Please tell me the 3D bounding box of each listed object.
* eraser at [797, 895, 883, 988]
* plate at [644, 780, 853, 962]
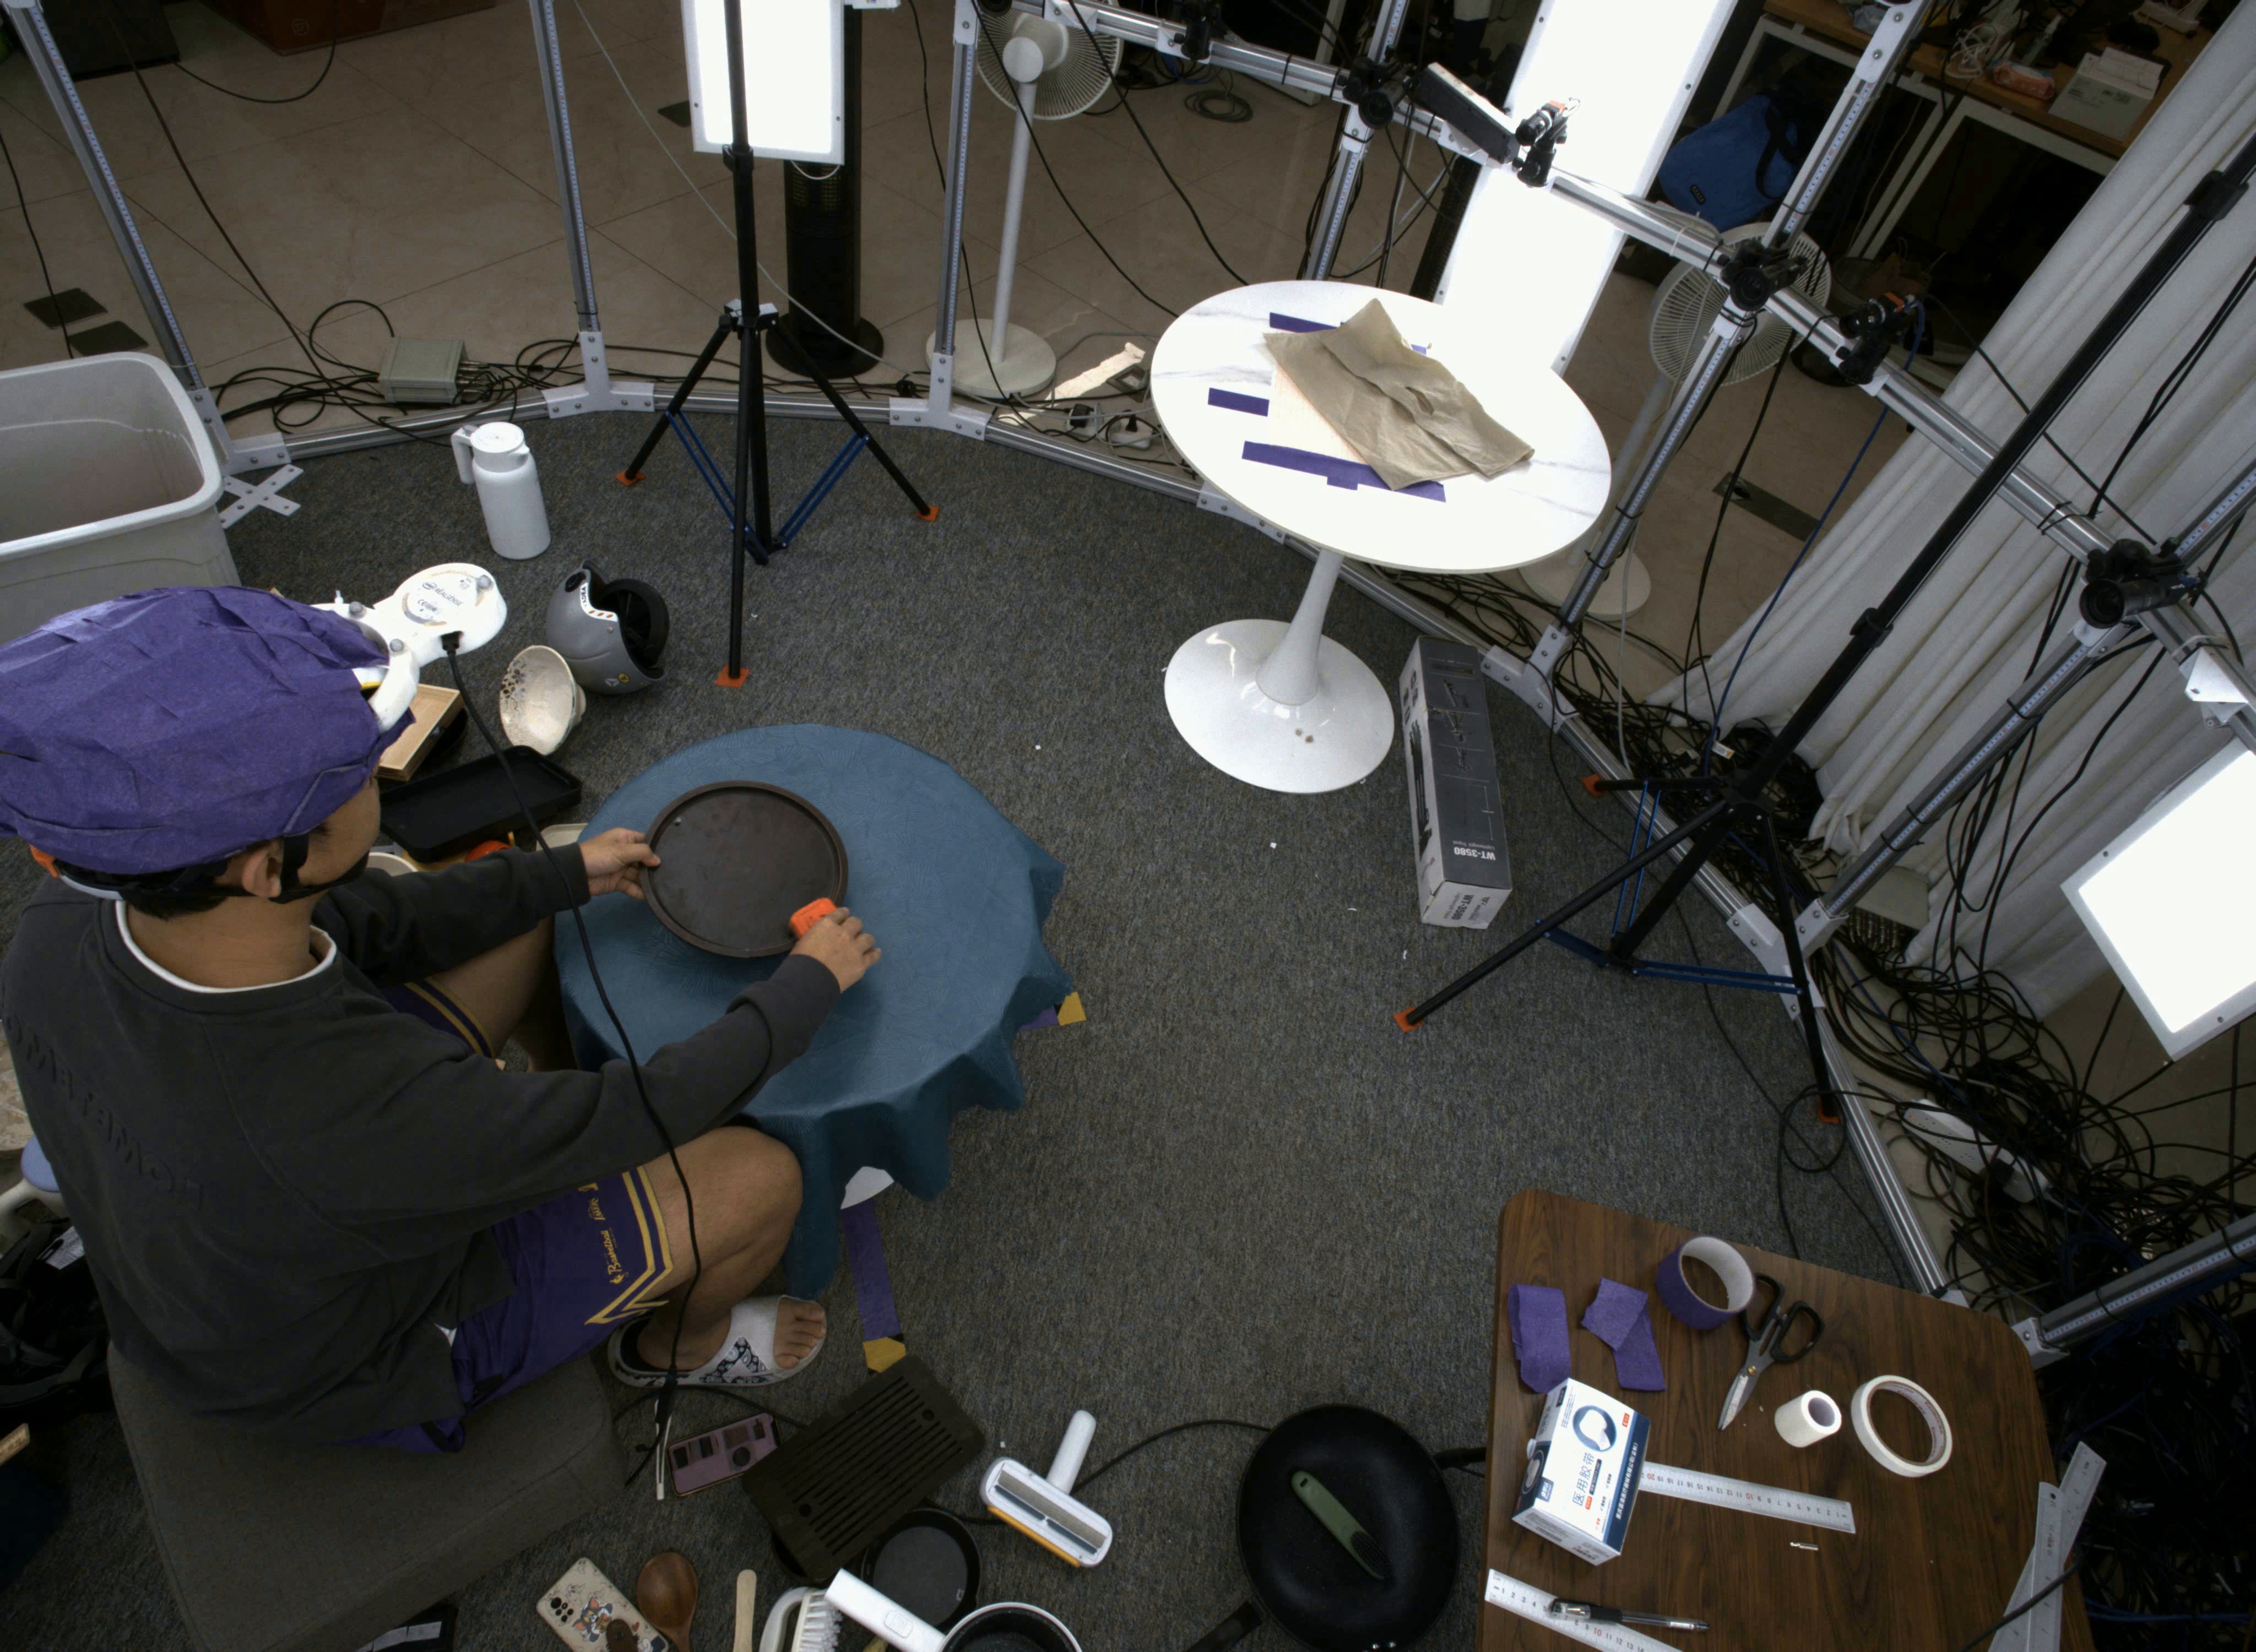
[{"bbox_3d":[-0.348,0.136,1.566,0.059,0.023,0.107,-33,80,-35],"label":"eraser"},{"bbox_3d":[-0.467,0.052,1.597,0.257,0.029,0.251,12,57,-18],"label":"plate"}]

__________________________________________________

*Task prompt*. Write out the whole listing verbatim, images excluded.

*Reply to the exercise*.
Please tell me the 3D bounding box of each listed object.
* eraser at [797, 895, 883, 988]
* plate at [644, 780, 853, 962]
[{"bbox_3d":[-0.348,0.136,1.566,0.059,0.023,0.107,-33,80,-35],"label":"eraser"},{"bbox_3d":[-0.467,0.052,1.597,0.257,0.029,0.251,12,57,-18],"label":"plate"}]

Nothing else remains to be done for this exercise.